PulkoMandy · April 17, 2024, 12:13pm

Yes, in fact this is used in a specific case: the package containing the bootloader is not compressed, because the stage 1 bootloader needs to be small and cannot contain code to decompress packages.

It’s not very hard to write a script to unpack all hpkg files and repack them without compression if you are interested in benchmarking this.

PulkoMandy · April 17, 2024, 12:14pm

The main maintenance cost is the wasted time arguing on the forums with people who don’t actually maintain the code. But I think no amount of changes to the code will fix that.

cb88 · April 18, 2024, 2:38pm

This is true but you also don’t want these caches to be too large, to the point that they have diminishing returns (if you do you are wasting effort and hardware doing something pointless). Eg if you cache all reads your hit rate with end up quite low… until the cache fills all your ram and starts evicting cold entries, and even then the cache hit rate may still be pretty low relative to how much memory is used.

PulkoMandy · April 18, 2024, 2:57pm

If you cache data that is already written back to disk, you can immediately release it if the memory is needed for something else. There is no need to write it back to disk if you keep track that it is already identical to what’s on disk.

So you’re not really “wasting hardware”: it’s not like you could power off a RAM chip when it’s not in use. They’re going to sit there unused, and still use just as much power. So you may as well put something in there.

As for efforts, it is also marginal, since the disk cache is something we already have for all other filesystems anyways (and all other OS work pretty much the same).

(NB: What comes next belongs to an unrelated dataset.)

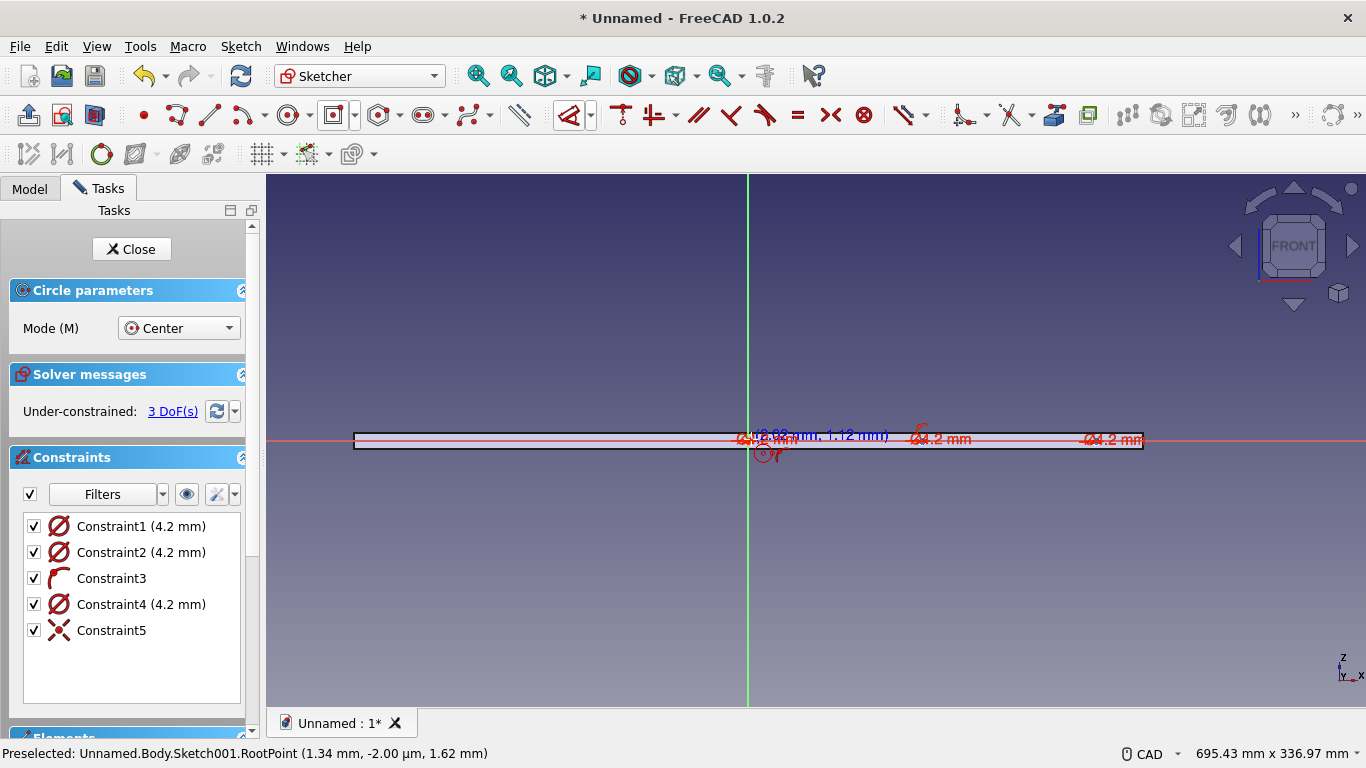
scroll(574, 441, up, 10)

In fact, we even make things simpler: since packagefs is read-only, its cache entries never need to be written back to disk. We also save a lot of filesystem overhead: traditional filesystems are very bad at storing small files. BFS will need one complete inode (usually 4 kilobytes) for the file header, and another (4 kilobytes more) for the data, even for a simple configuration file that’s just a few hundred bytes. Whereas, if all these small files are packed into a single package, they can be stored a lot more efficiently. So, even without compression, there is quite a lot of saved space here, made possible by the read-only nature of packages. Again this is not something completely crazy: it is somewhat similar to squashfs on Linux, even if you don’t typically find that used on desktop systems.

suhr · April 18, 2024, 4:10pm

I guess one could just decompress packages (without unpacking them) and set smaller caches in packagefs.

cb88 · April 18, 2024, 4:13pm

Reiserfs already solved that 20 years ago, pretty sure at least some modern file systems can do the same.

cb88 · April 18, 2024, 4:14pm

Yes this is what you would have to do if you wanted to run on lower ram machines…

Edit: actually what you suggest there would cause lower end machines to choke, because of not enough CPU to keep up with reading the packages.

suhr · April 18, 2024, 4:29pm

Would it? I don’t know how packagefs is implemented, but I don’t think it does brute force search on all packages on every request.